Homework problems will be a very important part of the course, and there will be homework assigned almost every week (other than the week of the midterm). Completion of all homework problems is required, and your grade on a homework assignment will be based on completeness, as well as on the details of the solutions of the problems graded. Proofs should be written carefully and neatly, with attention paid to the completeness of your argument. Individual homework assignments should be completed by the student alone, although I am always open for questions, either in office hours or by email. You should not, under any circumstances, attempt to look up solutions or hints to problems online. I will consider this plagiarism, an honor offense.
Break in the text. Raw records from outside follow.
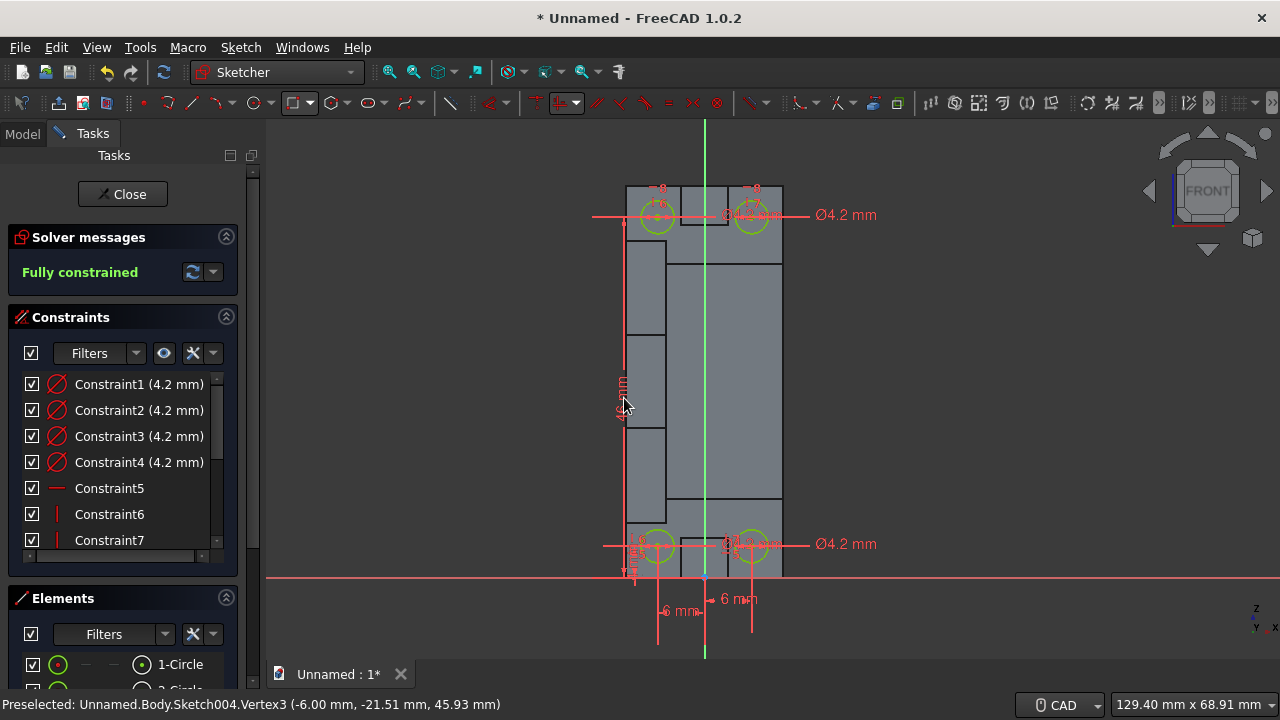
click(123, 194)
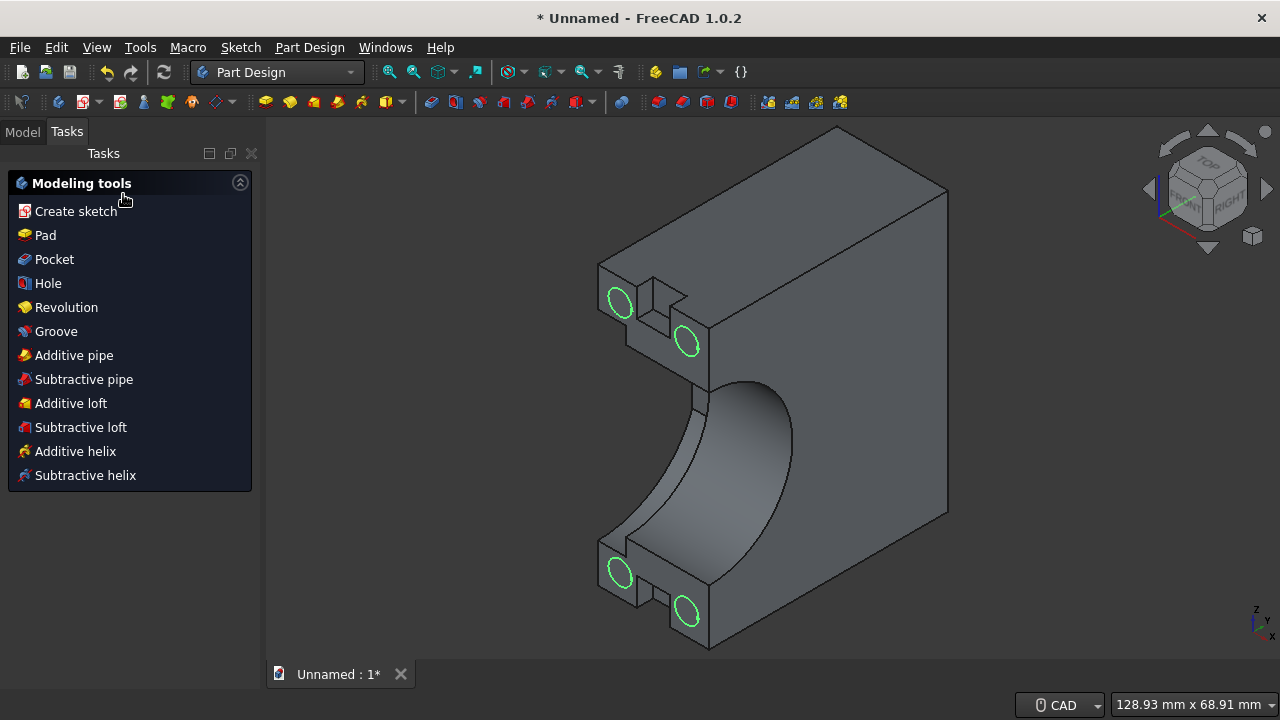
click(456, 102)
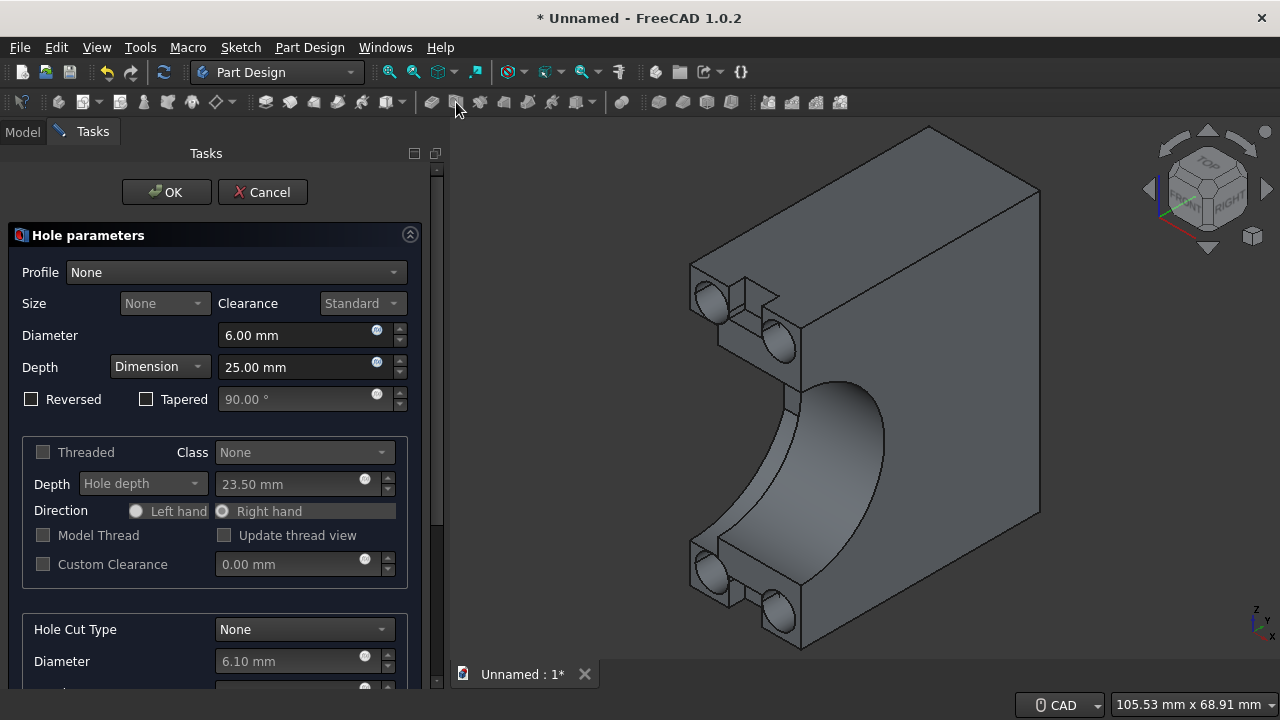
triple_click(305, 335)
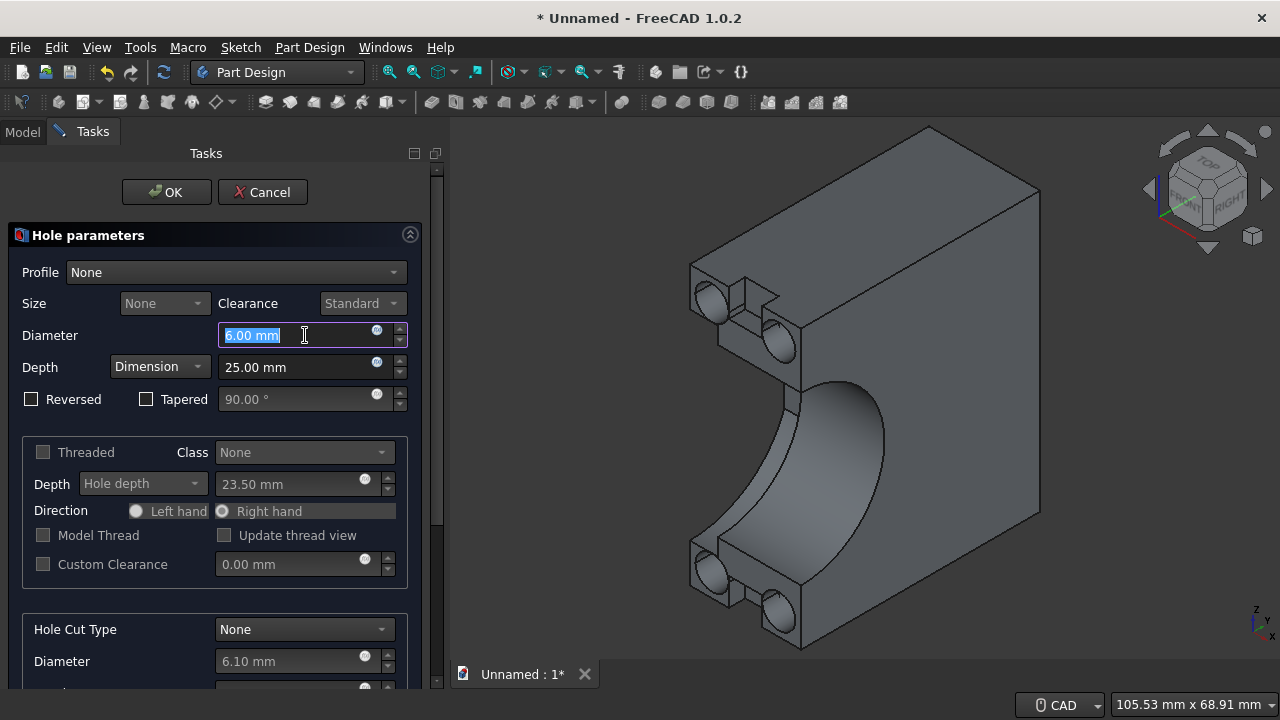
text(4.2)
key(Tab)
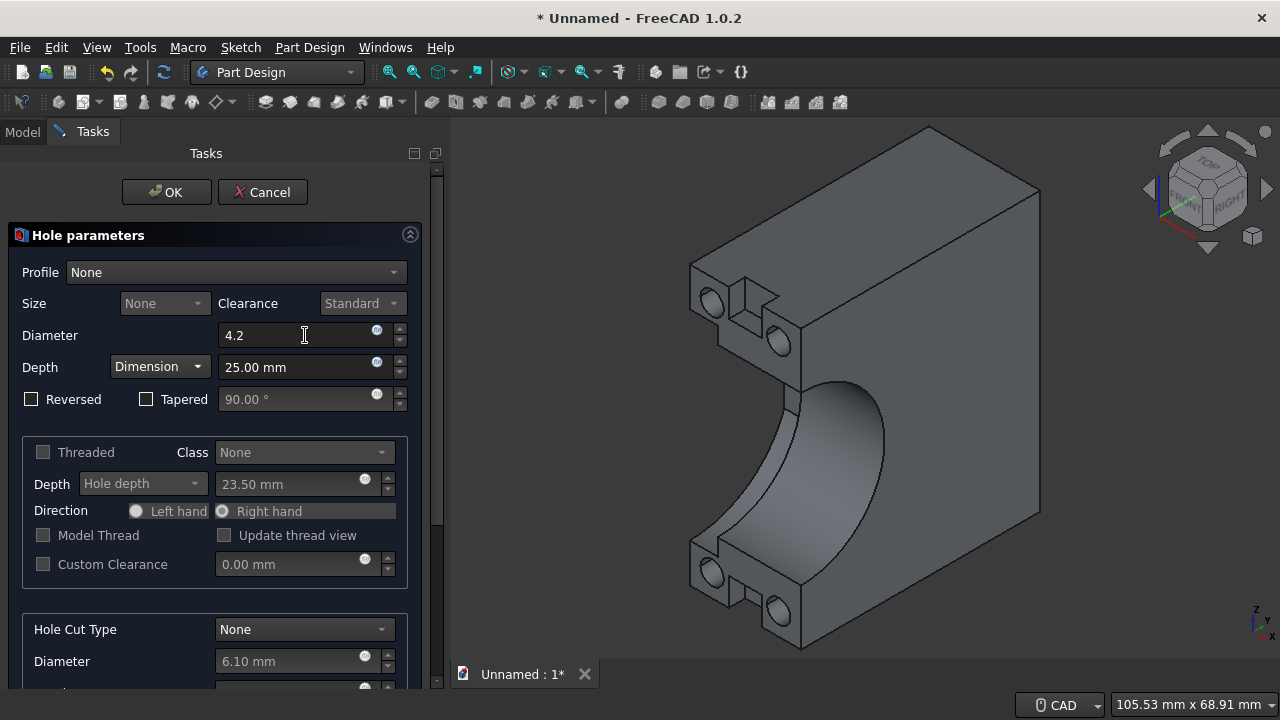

Homework is due at the beginning of class on the due date of the assignment. Late homework will be marked off 20% for every day late (10% off if it is turned in after the beginning of class, but it is in my hands on the day it is due). Homework turned in after class on the due date is considered one day late, and the next weekday after that 2 days late, and so on. Everything is easier, of course, if you turn in the homework on time!

Homework scores will each be out of 50 points. Your lowest homework score of the semester will be dropped.
Assignment Problems Due Date
1 pg. 128 #9, pg. 83 #1, 3, 4, 6 Fri, Sep 4
2 pg. 126 #2, pgs. 83-84 #5, 8
pg. 92 #4, 6
Fri, Sep 11
3 pgs. 91-92 #1, 2, pgs. 100-101 #3, 6, 9 Fri, Sep 18
4 pg. 101 #11, 12, 13, pgs. 111-112 #3, 10 Fri, Sep 25
5 pgs. 111-112 #4, 8, pgs. 133-136 #2, 6, 12 Fri, Oct 2
6 pg. 118 #1, 3, pg. 128 #10, pg. 152 #1, 4 Fri, Oct 9
7 pg. 152 #9, 10 Fri, Oct 16
8 pgs. 157-158 #1, 3, pg. 171 #3, 5, 6 Fri, Oct 23
9 pg. 194 #4, 5, 6, 10, 14 Mon, Nov 9
10 pg. 199 #1, 2, 3, pg. 205 #3, 4 Mon, Nov 16
11 pg. 67 #8, pg. 205 #1, 6, pg. 212 #1, 2 Mon, Nov 23
Optional pg. 206 #8, pg. 214 #11, pg. 236 #5 Wed, Dec 2

Math Major Writing Requirement (Math 300):

If you are a math major, and you would like to complete your major writing requirement through a writing assignment in this class, please let me know in the first week of class. This writing assignment will not count towards your grade in this class, but will rather just serve as your Major Writing Requirement (Math 300). If you decide to do this, you must write your paper on a topic in Topology (or maybe Analysis) approved by me, and you must keep to a schedule of turning in drafts that is set at the beginning of the semester in order to get credit.